**Data to examine:**
• • • •
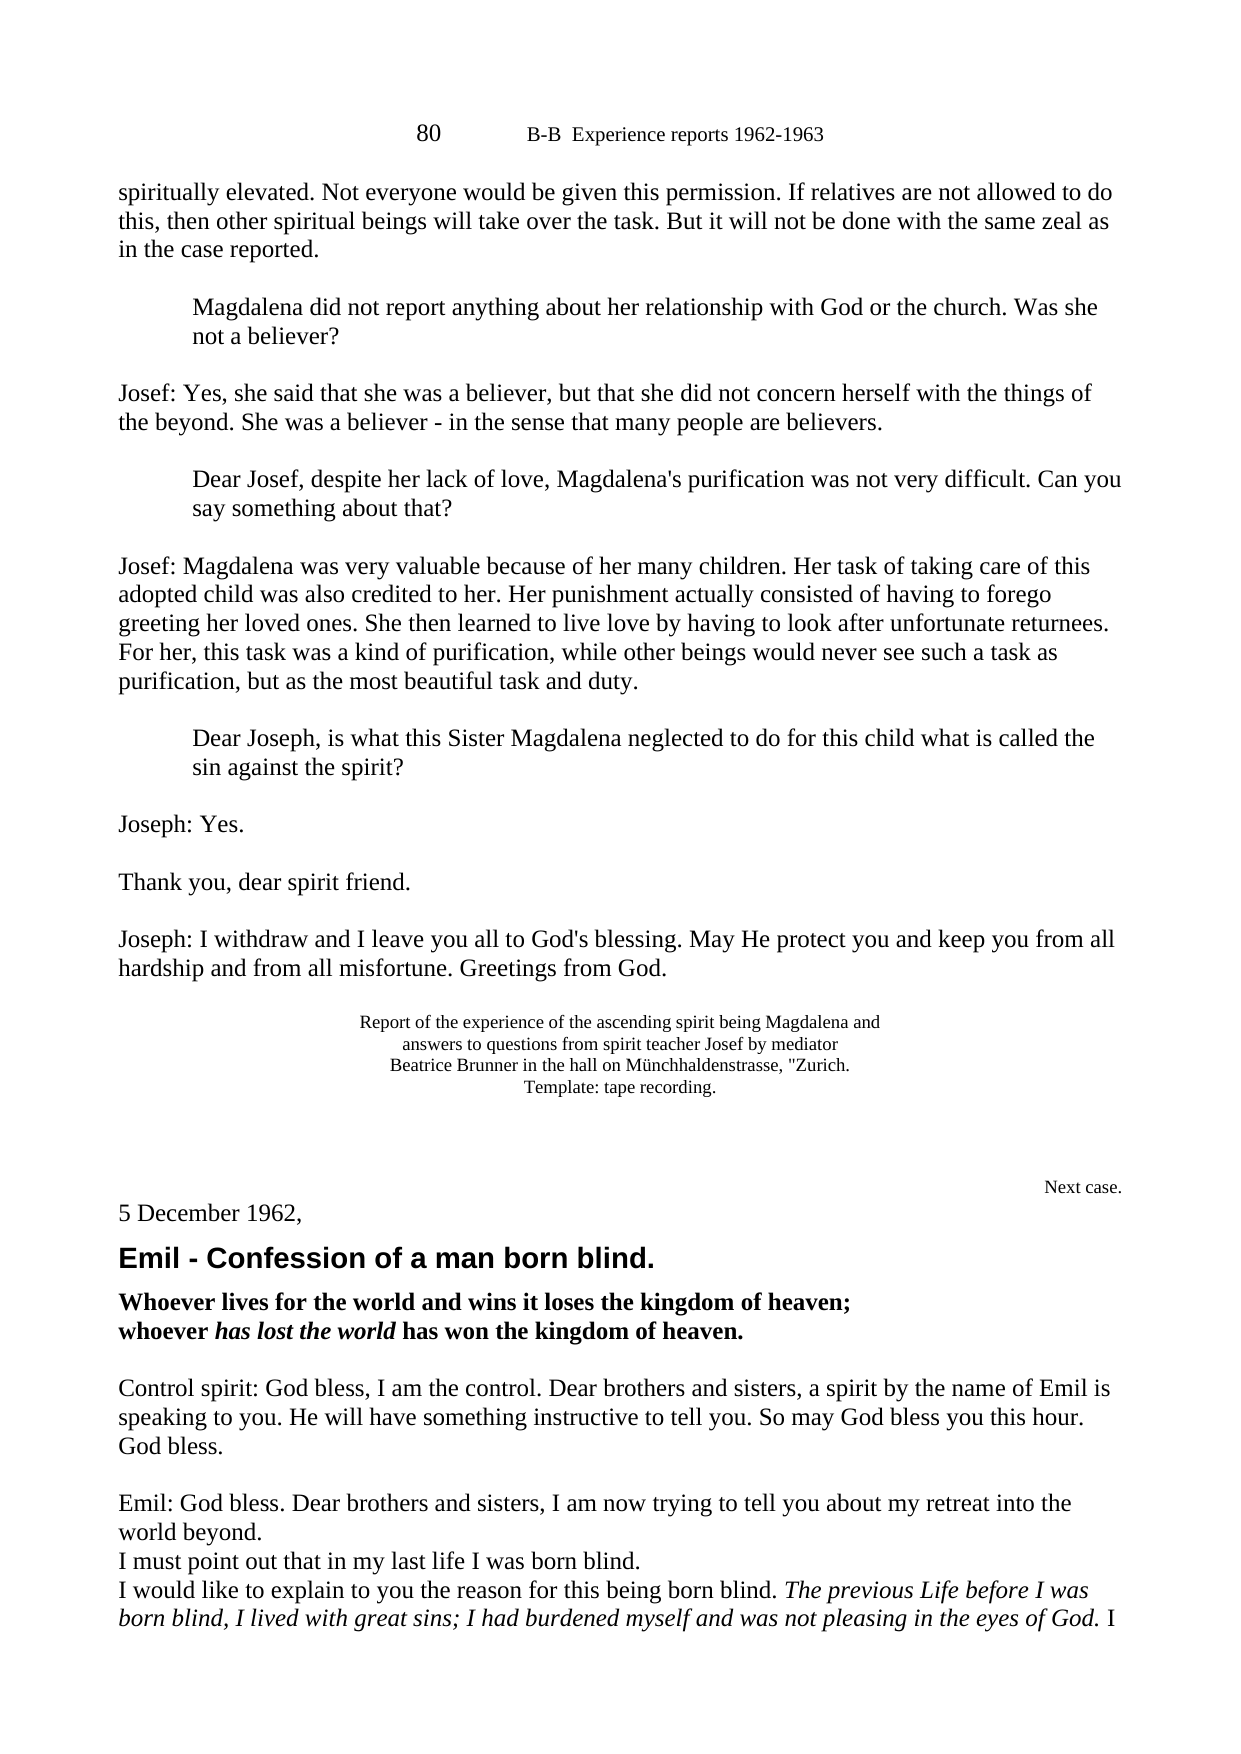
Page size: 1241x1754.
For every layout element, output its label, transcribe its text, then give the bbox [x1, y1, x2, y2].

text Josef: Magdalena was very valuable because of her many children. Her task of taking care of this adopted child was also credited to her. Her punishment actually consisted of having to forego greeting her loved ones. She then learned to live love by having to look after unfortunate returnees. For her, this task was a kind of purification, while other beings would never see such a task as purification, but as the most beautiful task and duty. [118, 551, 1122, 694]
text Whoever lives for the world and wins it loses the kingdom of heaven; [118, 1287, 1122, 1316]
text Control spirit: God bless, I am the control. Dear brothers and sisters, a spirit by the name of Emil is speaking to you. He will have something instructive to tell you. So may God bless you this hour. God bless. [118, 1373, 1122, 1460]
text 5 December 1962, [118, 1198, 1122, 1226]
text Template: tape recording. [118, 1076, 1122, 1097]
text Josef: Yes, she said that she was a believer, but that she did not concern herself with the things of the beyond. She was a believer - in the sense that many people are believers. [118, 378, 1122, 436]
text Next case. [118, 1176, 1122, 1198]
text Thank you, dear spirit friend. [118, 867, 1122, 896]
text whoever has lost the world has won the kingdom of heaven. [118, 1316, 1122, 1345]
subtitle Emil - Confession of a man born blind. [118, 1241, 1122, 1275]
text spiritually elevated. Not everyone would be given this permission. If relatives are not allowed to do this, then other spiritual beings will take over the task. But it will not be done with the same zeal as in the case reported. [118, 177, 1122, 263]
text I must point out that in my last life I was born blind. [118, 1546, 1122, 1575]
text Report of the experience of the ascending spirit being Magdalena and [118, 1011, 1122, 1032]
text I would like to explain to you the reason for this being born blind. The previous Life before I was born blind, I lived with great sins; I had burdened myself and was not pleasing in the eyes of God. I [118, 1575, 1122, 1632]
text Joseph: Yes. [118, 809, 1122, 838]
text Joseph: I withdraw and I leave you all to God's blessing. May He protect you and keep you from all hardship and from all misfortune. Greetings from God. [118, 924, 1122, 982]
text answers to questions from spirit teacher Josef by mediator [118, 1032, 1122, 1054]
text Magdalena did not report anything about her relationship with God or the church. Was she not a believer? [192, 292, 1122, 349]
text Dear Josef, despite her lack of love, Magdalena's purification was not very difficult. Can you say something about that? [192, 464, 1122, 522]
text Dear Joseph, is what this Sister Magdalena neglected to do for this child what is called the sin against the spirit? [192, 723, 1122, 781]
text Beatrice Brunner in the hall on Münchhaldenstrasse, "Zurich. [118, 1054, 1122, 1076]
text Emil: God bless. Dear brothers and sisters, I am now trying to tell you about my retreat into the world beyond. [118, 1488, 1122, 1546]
• • • •
In the transcription, every picture is to be excluded and the records above given again exactly.

Page size: 1241x1754.
For every layout element, output its label, transcribe its text, then give the bbox [x1, y1, x2, y2].

text Josef: Magdalena was very valuable because of her many children. Her task of taking care of this adopted child was also credited to her. Her punishment actually consisted of having to forego greeting her loved ones. She then learned to live love by having to look after unfortunate returnees. For her, this task was a kind of purification, while other beings would never see such a task as purification, but as the most beautiful task and duty. [118, 551, 1122, 694]
text Whoever lives for the world and wins it loses the kingdom of heaven; [118, 1287, 1122, 1316]
text Control spirit: God bless, I am the control. Dear brothers and sisters, a spirit by the name of Emil is speaking to you. He will have something instructive to tell you. So may God bless you this hour. God bless. [118, 1373, 1122, 1460]
text 5 December 1962, [118, 1198, 1122, 1226]
text Template: tape recording. [118, 1076, 1122, 1097]
text Josef: Yes, she said that she was a believer, but that she did not concern herself with the things of the beyond. She was a believer - in the sense that many people are believers. [118, 378, 1122, 436]
text Next case. [118, 1176, 1122, 1198]
text Thank you, dear spirit friend. [118, 867, 1122, 896]
text whoever has lost the world has won the kingdom of heaven. [118, 1316, 1122, 1345]
subtitle Emil - Confession of a man born blind. [118, 1241, 1122, 1275]
text spiritually elevated. Not everyone would be given this permission. If relatives are not allowed to do this, then other spiritual beings will take over the task. But it will not be done with the same zeal as in the case reported. [118, 177, 1122, 263]
text I must point out that in my last life I was born blind. [118, 1546, 1122, 1575]
text Report of the experience of the ascending spirit being Magdalena and [118, 1011, 1122, 1032]
text I would like to explain to you the reason for this being born blind. The previous Life before I was born blind, I lived with great sins; I had burdened myself and was not pleasing in the eyes of God. I [118, 1575, 1122, 1632]
text Joseph: Yes. [118, 809, 1122, 838]
text Joseph: I withdraw and I leave you all to God's blessing. May He protect you and keep you from all hardship and from all misfortune. Greetings from God. [118, 924, 1122, 982]
text answers to questions from spirit teacher Josef by mediator [118, 1032, 1122, 1054]
text Magdalena did not report anything about her relationship with God or the church. Was she not a believer? [192, 292, 1122, 349]
text Dear Josef, despite her lack of love, Magdalena's purification was not very difficult. Can you say something about that? [192, 464, 1122, 522]
text Dear Joseph, is what this Sister Magdalena neglected to do for this child what is called the sin against the spirit? [192, 723, 1122, 781]
text Beatrice Brunner in the hall on Münchhaldenstrasse, "Zurich. [118, 1054, 1122, 1076]
text Emil: God bless. Dear brothers and sisters, I am now trying to tell you about my retreat into the world beyond. [118, 1488, 1122, 1546]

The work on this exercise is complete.